Extracted records
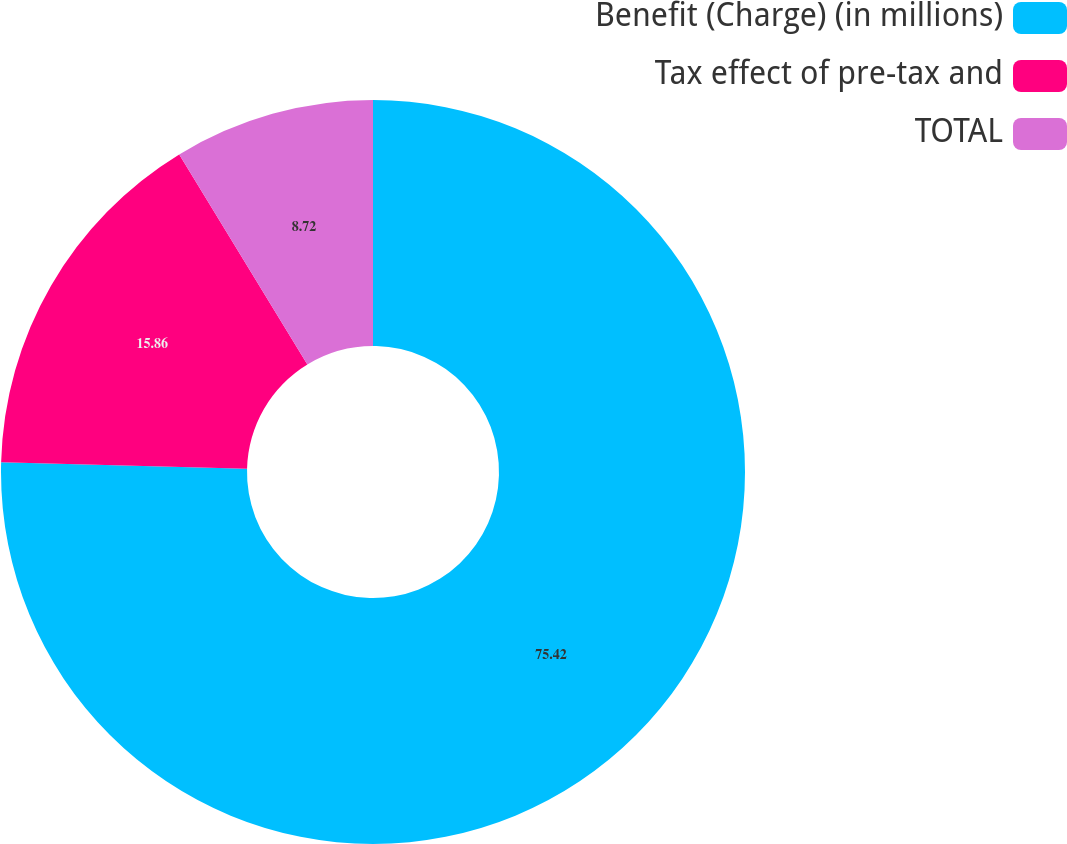Convert chart. <chart><loc_0><loc_0><loc_500><loc_500><pie_chart><fcel>Benefit (Charge) (in millions)<fcel>Tax effect of pre-tax and<fcel>TOTAL<nl><fcel>75.42%<fcel>15.86%<fcel>8.72%<nl></chart> 
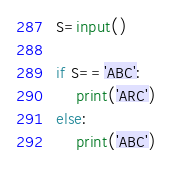<code> <loc_0><loc_0><loc_500><loc_500><_Python_>S=input()

if S=='ABC':
    print('ARC')
else:
    print('ABC')</code> 
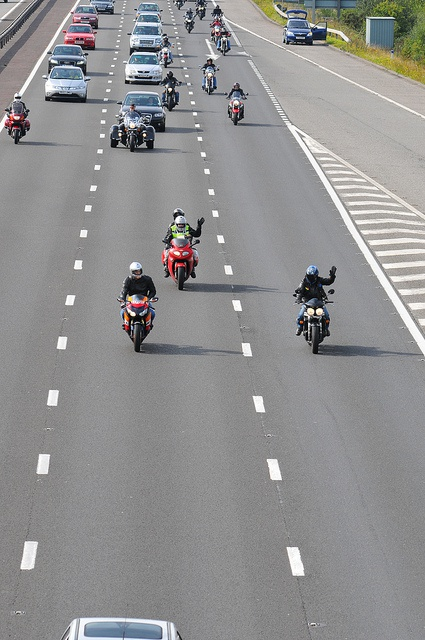Describe the objects in this image and their specific colors. I can see car in darkgray, white, and gray tones, motorcycle in darkgray, black, gray, and lightgray tones, people in darkgray and gray tones, car in darkgray, lavender, black, and gray tones, and motorcycle in darkgray, black, gray, and brown tones in this image. 
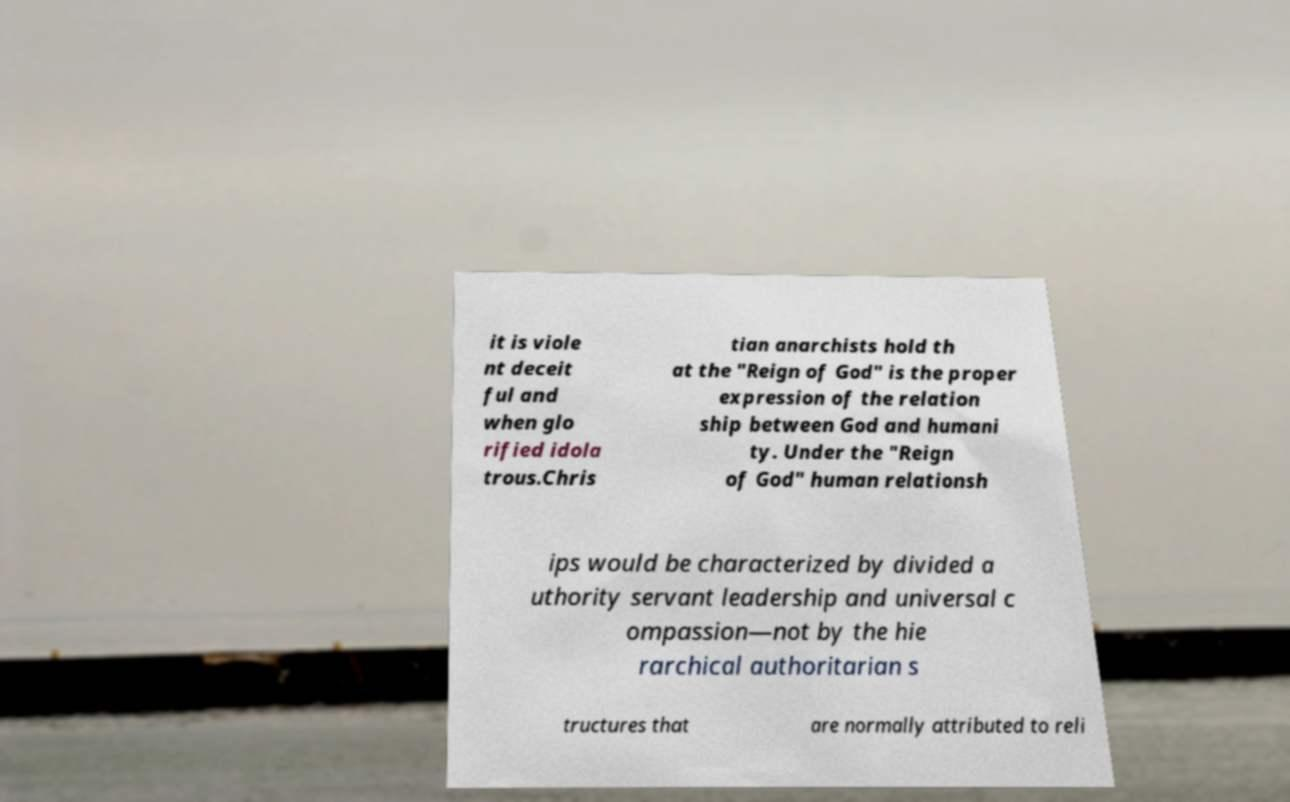Could you assist in decoding the text presented in this image and type it out clearly? it is viole nt deceit ful and when glo rified idola trous.Chris tian anarchists hold th at the "Reign of God" is the proper expression of the relation ship between God and humani ty. Under the "Reign of God" human relationsh ips would be characterized by divided a uthority servant leadership and universal c ompassion—not by the hie rarchical authoritarian s tructures that are normally attributed to reli 
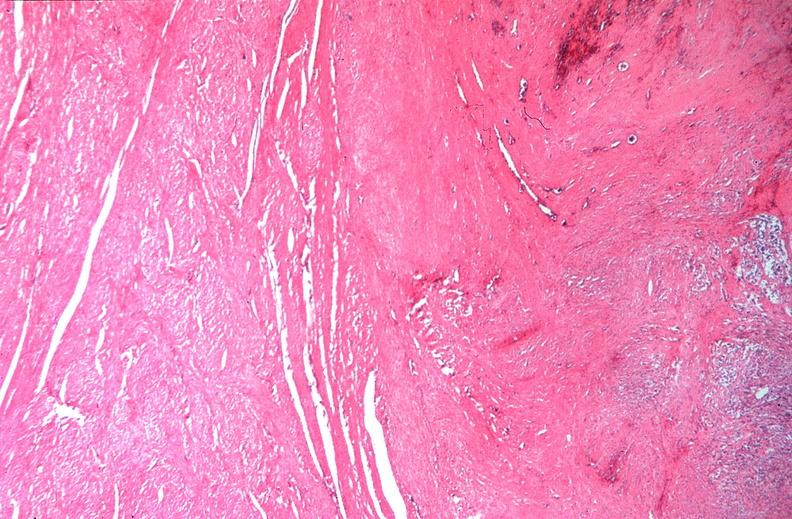s this partially fixed gross present?
Answer the question using a single word or phrase. No 
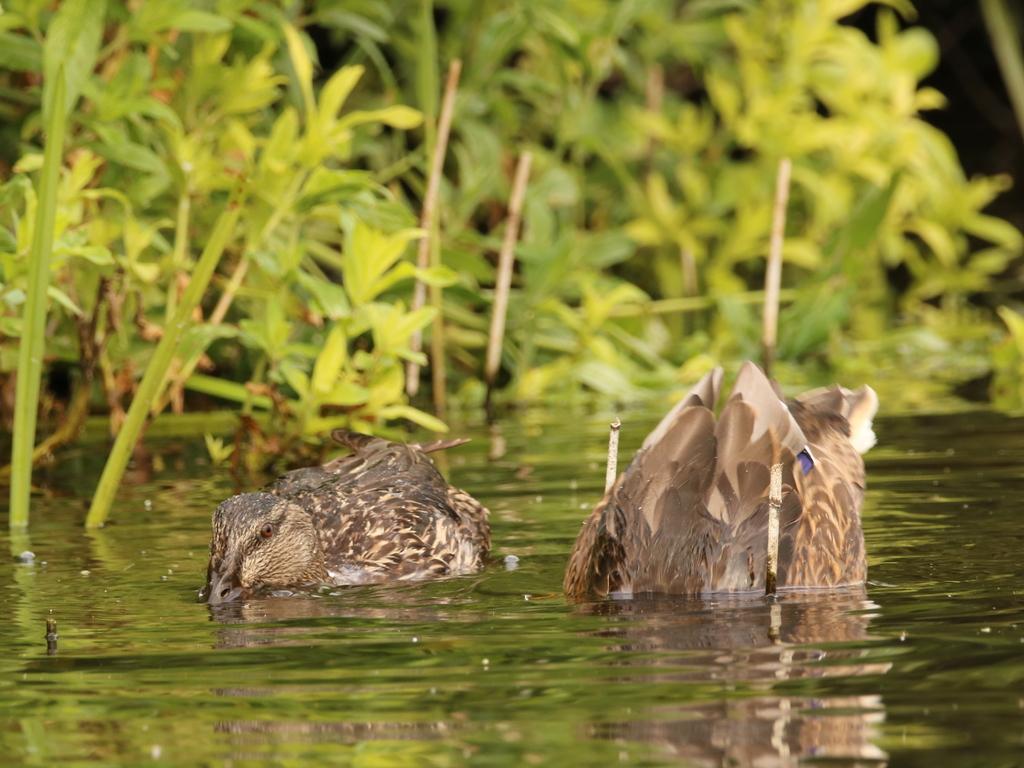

__Task item__:
The data shown above must be printed again exactly, with no images included.

__Output for this exercise__:
Convert chart. <chart><loc_0><loc_0><loc_500><loc_500><pie_chart><fcel>Benefit (Charge) (in millions)<fcel>Tax effect of pre-tax and<fcel>TOTAL<nl><fcel>75.42%<fcel>15.86%<fcel>8.72%<nl></chart> 
<code> <loc_0><loc_0><loc_500><loc_500><_Python_>S=input()

if S=='ABC':
    print('ARC')
else:
    print('ABC')</code> 
Describe the objects in this image and their specific colors. I can see car in darkgray, white, and gray tones, motorcycle in darkgray, black, gray, and lightgray tones, people in darkgray and gray tones, car in darkgray, lavender, black, and gray tones, and motorcycle in darkgray, black, gray, and brown tones in this image. 
Could you assist in decoding the text presented in this image and type it out clearly? it is viole nt deceit ful and when glo rified idola trous.Chris tian anarchists hold th at the "Reign of God" is the proper expression of the relation ship between God and humani ty. Under the "Reign of God" human relationsh ips would be characterized by divided a uthority servant leadership and universal c ompassion—not by the hie rarchical authoritarian s tructures that are normally attributed to reli 
s this partially fixed gross present?
Answer the question using a single word or phrase. No 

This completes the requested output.